Chairman of the Hong Kong Market Misconduct Tribunal and the Securities and Futures Appeals Tribunal
- Incumbent
- Assumed office 2019

Justice of Appeal of the Court of Appeal of Brunei Darussalam
- Incumbent
- Assumed office 2018

Vice-president of the Court of Appeal of Hong Kong
- In office 2014–2018

Justice of Appeal of the Court of Appeal of Hong Kong
- In office 2011–2014

Judge of the Court of First Instance of the High Court of Hong Kong
- In office 2003–2011

Recorder of the Court of First Instance of the High Court of Hong Kong
- In office 2000–2003

Personal details
- Born: 1950 (age 75–76) Southern Rhodesia
- Alma mater: Davidson College Queens' College, Cambridge

= Michael Lunn =

Hong Kong judge

Michael Victor Lunn (倫明高; born 1950) is a senior Hong Kong judge. He is Chairman of the Market Misconduct Tribunal and the Securities and Futures Appeals Tribunal in Hong Kong.

==Early life==
Lunn was born in Rhodesia (now Zimbabwe) and was educated in England.

In 1968, he won a Richardson Foundation Scholarship to Davidson College in the United States.

He graduated from Queens' College, Cambridge with a BA in law in 1972.

==Legal career==

In 1973, Lunn was called to the Bar in England and was admitted to Inner Temple. He was a barrister in private practice in England from 1974 to 1977.

He moved to British Hong Kong in 1977 and worked in the Attorney-General's Chambers until 1981. From 1982 to 2003, he was in private practice as a member of the Chambers of Gary Plowman, SC.

Lunn took silk in 1994.

He was vice chairman of the Hong Kong Bar Association from 2001 to 2003.

==Judicial career==
Lunn was appointed as a Recorder of the Court of First Instance of the High Court of Hong Kong in 2000. He was appointed as a full-time judge of the Court of First Instance of the High Court of Hong Kong in 2003.

He was elevated to the Court of Appeal of Hong Kong in 2011 and became Vice President of the Court of Appeal in 2014.

Lunn was Chairman of the Market Misconduct Tribunal from 2005 to 2012.

In 2012, Lunn was appointed as Chairman of the Inquiry into the 2012 Lamma Island ferry collision.

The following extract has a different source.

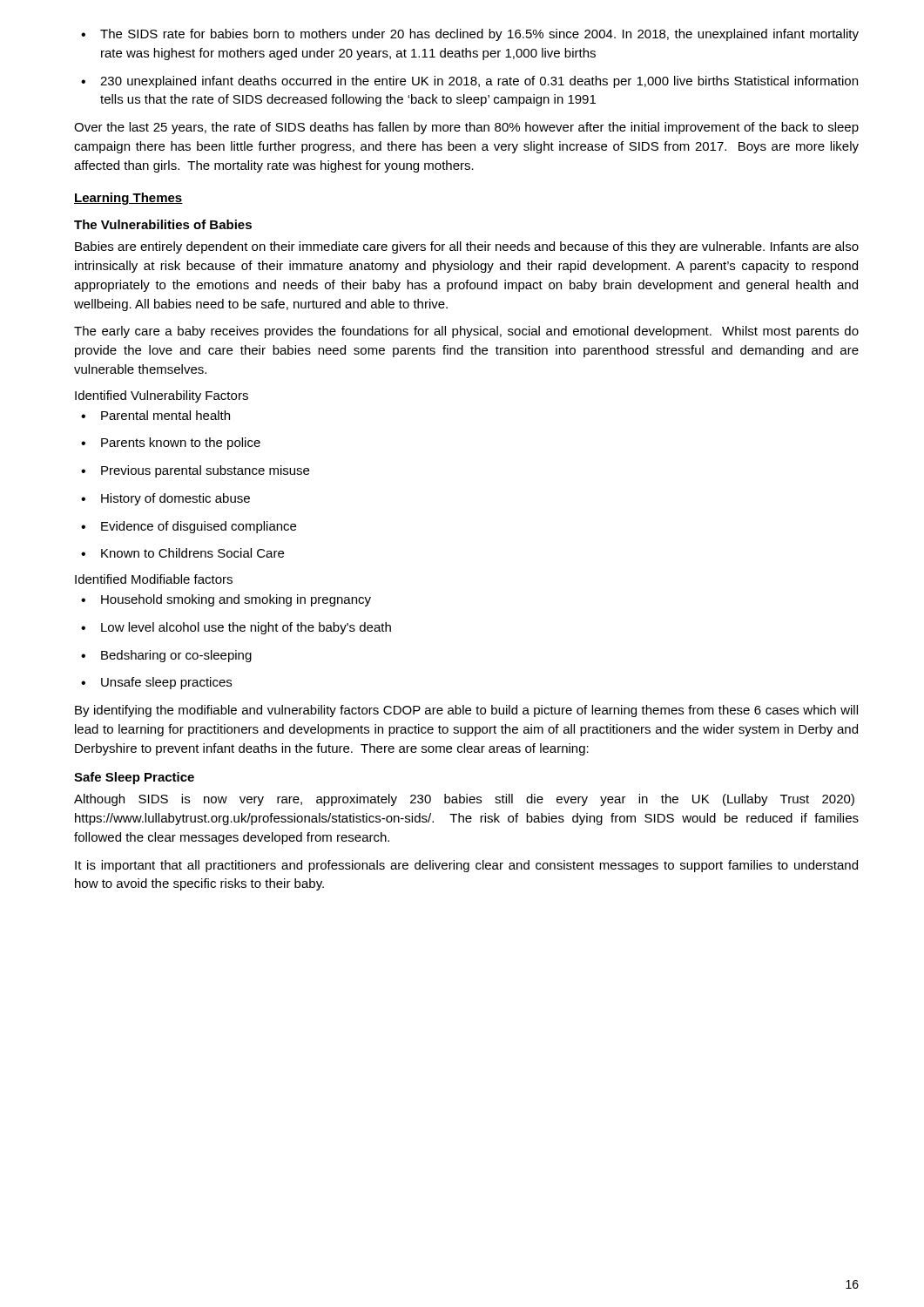Viewport: 924px width, 1307px height.
Task: Click on the passage starting "Safe Sleep Practice"
Action: tap(134, 777)

After the 2018 Hong Kong bus accident, Lunn was appointed as chairman of the Independent Review Committee on Hong Kong's Franchised Bus Service.

Lunn retired from the Hong Kong Judiciary in 2018. On 1 July 2018, he was awarded the Gold Bauhinia Star by the chief executive in recognition of his dedicated and distinguished service in the Judiciary for 15 years.

Since October 2018, Lunn has been sitting as a justice of appeal of the Court of Appeal of Brunei Darussalam.

Lunn sat as a Deputy Judge of the High Court of Hong Kong in 2019 and 2020.

In 2019, Lunn was re-appointed as Chairman of the Market Misconduct Tribunal and the Securities and Futures Appeals Tribunal for a 3-year term until 2021. In 2021, Lunn's term was extended for 3 years until 2024. In 2024, his term was further extended until 2027.